# Ticking Sound from CPU.



## summers (Sep 8, 2014)

Hi Guys,

There's a strange kind of ticking sound coming out from my CPU. When the computer is started there is no sound at all, but after approx 10 mins this ticking sound starts coming from inside the PSU. My PC is just 2 months old.

Ive a Seasonic 620 Watts PSU.

Any ideas what it could be..?
Is it something to be worried about.


----------



## rijinpk1 (Sep 8, 2014)

is the cpu fan running properly? or any obstacles causing it to run improperly.


----------



## summers (Sep 8, 2014)

The CPU fan is running properly without any obstacles. I cross checked it by opening the side panel. The sound seems to come from the PSU.


----------



## rijinpk1 (Sep 9, 2014)

do you use use any ups or ups+surge protector together? try without  a ups for few minutes.


----------



## harshilsharma63 (Sep 10, 2014)

Try re-screwing the side panel bolts. You can also open the side panel when the noise starts and localize the noise by careful listening. BT by CPU do you mean the actual CPU or the cabinet?


----------



## summers (Sep 15, 2014)

I opened the side panel and checked. The noise is certainly coming from within the PSU. I dont have any idea what it could be. Tried all, but of no use.


----------



## amjath (Sep 15, 2014)

Do you use GPU?? Disconnect GPU powersupply and try with on-board GPU.

- - - Updated - - -

revert back


----------



## The Sorcerer (Sep 16, 2014)

Is the sound coming out like this: *www.youtube.com/watch?v=cVkmLoGrOQk

To be honest, save yourself the trouble and RMA the power supply. If you can, remove the psu from the system, do this, and see if you get the same sound. Try putting the psu with the fan facing on the top. 
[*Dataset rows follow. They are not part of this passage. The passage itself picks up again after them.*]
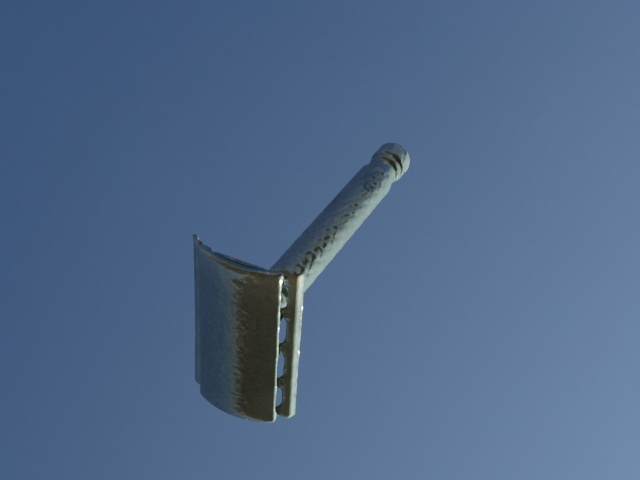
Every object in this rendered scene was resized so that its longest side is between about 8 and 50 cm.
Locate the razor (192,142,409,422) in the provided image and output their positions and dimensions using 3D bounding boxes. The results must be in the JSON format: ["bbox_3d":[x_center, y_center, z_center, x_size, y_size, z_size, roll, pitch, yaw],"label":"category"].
[{"bbox_3d":[0.000,0.000,0.629,0.068,0.232,0.106,18,-53,18],"label":"razor"}]
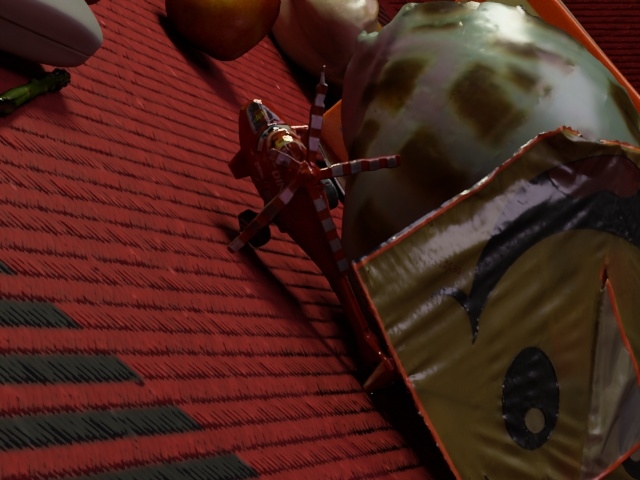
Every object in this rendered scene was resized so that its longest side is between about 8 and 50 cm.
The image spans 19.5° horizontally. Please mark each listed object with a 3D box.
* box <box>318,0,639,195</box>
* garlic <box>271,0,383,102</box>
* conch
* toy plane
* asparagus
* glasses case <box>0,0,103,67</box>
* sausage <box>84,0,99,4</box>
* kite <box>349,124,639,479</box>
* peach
[{"bbox_3d":[0.202,-0.050,1.750,0.318,0.257,0.349,52,9,7],"label":"box"},{"bbox_3d":[0.017,-0.211,1.970,0.217,0.110,0.228,55,5,-40],"label":"garlic"},{"bbox_3d":[0.147,0.017,1.289,0.368,0.249,0.197,36,32,-21],"label":"conch"},{"bbox_3d":[0.006,-0.005,1.201,0.194,0.126,0.077,46,-17,-14],"label":"toy plane"},{"bbox_3d":[-0.156,-0.081,1.009,0.016,0.013,0.166,8,11,2],"label":"asparagus"},{"bbox_3d":[-0.180,-0.140,1.007,0.076,0.049,0.197,50,11,17],"label":"glasses case"},{"bbox_3d":[-0.170,-0.182,1.254,0.034,0.034,0.083,53,12,19],"label":"sausage"},{"bbox_3d":[0.165,0.090,1.168,0.377,0.327,0.013,16,-14,-34],"label":"kite"},{"bbox_3d":[-0.084,-0.198,1.523,0.101,0.101,0.101,48,10,-12],"label":"peach"}]
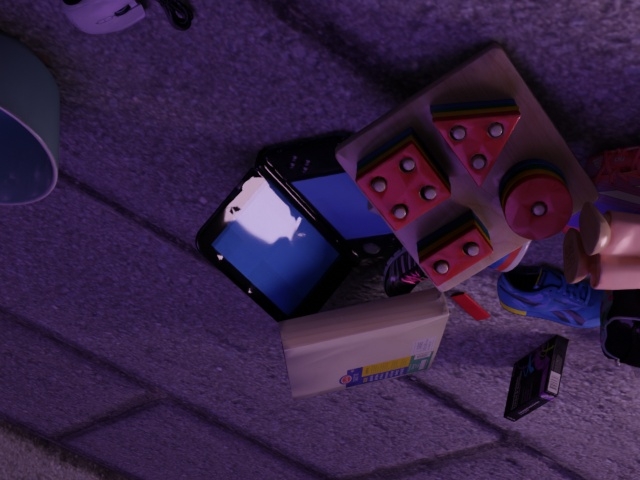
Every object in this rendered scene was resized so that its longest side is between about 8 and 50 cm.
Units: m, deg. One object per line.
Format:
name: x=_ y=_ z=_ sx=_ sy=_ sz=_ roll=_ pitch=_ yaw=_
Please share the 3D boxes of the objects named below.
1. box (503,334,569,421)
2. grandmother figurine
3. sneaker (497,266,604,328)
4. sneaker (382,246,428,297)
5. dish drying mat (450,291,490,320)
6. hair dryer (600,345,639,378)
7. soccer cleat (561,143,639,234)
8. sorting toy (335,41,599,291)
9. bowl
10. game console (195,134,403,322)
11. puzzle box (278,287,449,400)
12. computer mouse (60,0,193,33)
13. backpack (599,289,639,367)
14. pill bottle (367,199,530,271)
box: x=0.386 y=0.250 z=2.102 sx=0.029 sy=0.116 sz=0.162 roll=23 pitch=149 yaw=-8
grandmother figurine: x=0.493 y=0.026 z=1.510 sx=0.343 sy=0.104 sz=0.208 roll=5 pitch=154 yaw=-8
sneaker: x=0.389 y=0.087 z=1.882 sx=0.209 sy=0.069 sz=0.082 roll=9 pitch=145 yaw=12
sneaker: x=0.158 y=0.041 z=1.832 sx=0.063 sy=0.074 sz=0.170 roll=19 pitch=124 yaw=-32
dish drying mat: x=0.263 y=0.115 z=2.045 sx=0.032 sy=0.008 sz=0.083 roll=-15 pitch=137 yaw=40
hair dryer: x=0.621 y=0.203 z=1.918 sx=0.224 sy=0.080 sz=0.293 roll=40 pitch=157 yaw=-7
soccer cleat: x=0.423 y=-0.085 z=1.559 sx=0.116 sy=0.108 sz=0.318 roll=39 pitch=144 yaw=-11
sorting toy: x=0.194 y=-0.075 z=1.515 sx=0.255 sy=0.089 sz=0.257 roll=-33 pitch=111 yaw=16
bowl: x=-0.512 y=-0.204 z=1.735 sx=0.312 sy=0.163 sz=0.311 roll=12 pitch=149 yaw=8
game console: x=0.000 y=0.000 z=1.819 sx=0.250 sy=0.173 sz=0.293 roll=-8 pitch=142 yaw=35
puzzle box: x=0.069 y=0.187 z=2.020 sx=0.272 sy=0.052 sz=0.409 roll=-13 pitch=161 yaw=-4
computer mouse: x=-0.273 y=-0.309 z=1.570 sx=0.193 sy=0.042 sz=0.106 roll=-6 pitch=144 yaw=32
backpack: x=0.523 y=0.102 z=1.718 sx=0.225 sy=0.191 sz=0.253 roll=6 pitch=155 yaw=13
pill bottle: x=0.184 y=-0.046 z=1.651 sx=0.222 sy=0.124 sz=0.124 roll=20 pitch=149 yaw=-10
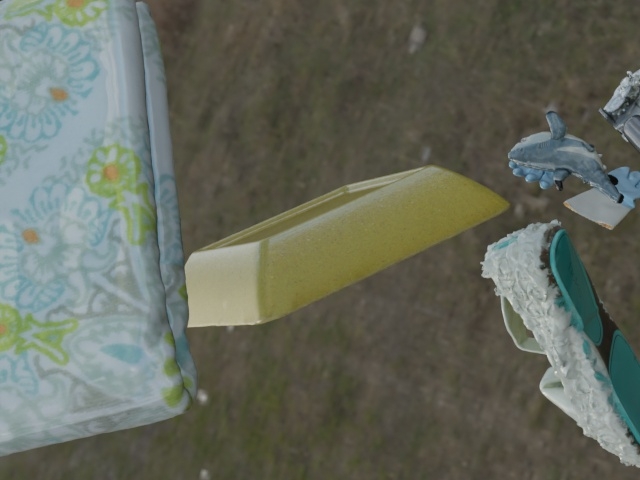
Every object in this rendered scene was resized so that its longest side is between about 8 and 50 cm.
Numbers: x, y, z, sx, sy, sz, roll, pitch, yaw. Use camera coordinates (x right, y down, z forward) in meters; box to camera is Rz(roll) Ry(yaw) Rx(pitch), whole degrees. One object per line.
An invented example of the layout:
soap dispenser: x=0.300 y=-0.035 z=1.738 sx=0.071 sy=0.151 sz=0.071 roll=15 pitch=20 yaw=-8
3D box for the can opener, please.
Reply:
can opener: x=0.350 y=-0.105 z=1.410 sx=0.074 sy=0.093 sz=0.280 roll=-45 pitch=17 yaw=12

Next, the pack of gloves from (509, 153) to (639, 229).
pack of gloves: x=0.408 y=-0.109 z=2.163 sx=0.232 sy=0.195 sz=0.046 roll=-28 pitch=-39 yaw=-53

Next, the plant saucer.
plant saucer: x=0.000 y=0.000 z=1.653 sx=0.333 sy=0.333 sz=0.081 roll=-11 pitch=102 yaw=65

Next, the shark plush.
shark plush: x=0.302 y=-0.082 z=1.700 sx=0.067 sy=0.073 sz=0.161 roll=-40 pitch=61 yaw=-12

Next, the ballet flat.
ballet flat: x=0.339 y=0.144 z=1.910 sx=0.147 sy=0.409 sz=0.147 roll=-25 pitch=23 yaw=12

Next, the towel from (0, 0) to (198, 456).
towel: x=-0.268 y=-0.012 z=1.102 sx=0.320 sy=0.090 sz=0.374 roll=-15 pitch=65 yaw=15
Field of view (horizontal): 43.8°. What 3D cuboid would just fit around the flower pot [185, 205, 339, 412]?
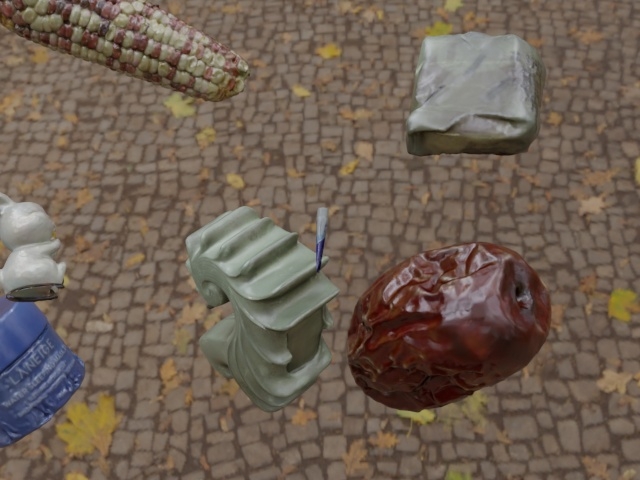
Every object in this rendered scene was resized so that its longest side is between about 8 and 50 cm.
[{"bbox_3d":[-0.102,0.132,1.371,0.254,0.367,0.165,31,48,30],"label":"flower pot"}]

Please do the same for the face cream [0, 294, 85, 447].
[{"bbox_3d":[-0.629,0.258,1.595,0.249,0.225,0.249,-29,21,13],"label":"face cream"}]

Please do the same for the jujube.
[{"bbox_3d":[0.216,0.154,1.417,0.377,0.276,0.276,-22,34,41],"label":"jujube"}]

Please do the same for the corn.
[{"bbox_3d":[-0.179,-0.187,0.728,0.237,0.079,0.079,22,47,-15],"label":"corn"}]

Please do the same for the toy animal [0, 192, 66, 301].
[{"bbox_3d":[-0.317,0.002,0.856,0.085,0.071,0.124,-9,78,-7],"label":"toy animal"}]

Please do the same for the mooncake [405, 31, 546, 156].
[{"bbox_3d":[0.154,-0.135,0.782,0.130,0.073,0.125,4,65,22],"label":"mooncake"}]

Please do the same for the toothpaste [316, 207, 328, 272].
[{"bbox_3d":[0.000,0.000,1.019,0.015,0.024,0.083,4,83,8],"label":"toothpaste"}]

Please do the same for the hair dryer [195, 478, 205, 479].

Regardless, there's no harm in RMAing the unit. You save the long term problem.


----------



## summers (Sep 22, 2014)

Absolutely matches the sound as in youtube video, but but little low in frequency. Any idea what could be causing this sound... ?


----------



## The Sorcerer (Sep 22, 2014)

summers said:


> Absolutely matches the sound as in youtube video, but but little low in frequency. Any idea what could be causing this sound... ?


That usually comes when some wire is touching the fans while spinning. You can try this to be sure.


The Sorcerer said:


> If you can, remove the psu from the system, do this, and see if you get the same sound.


----------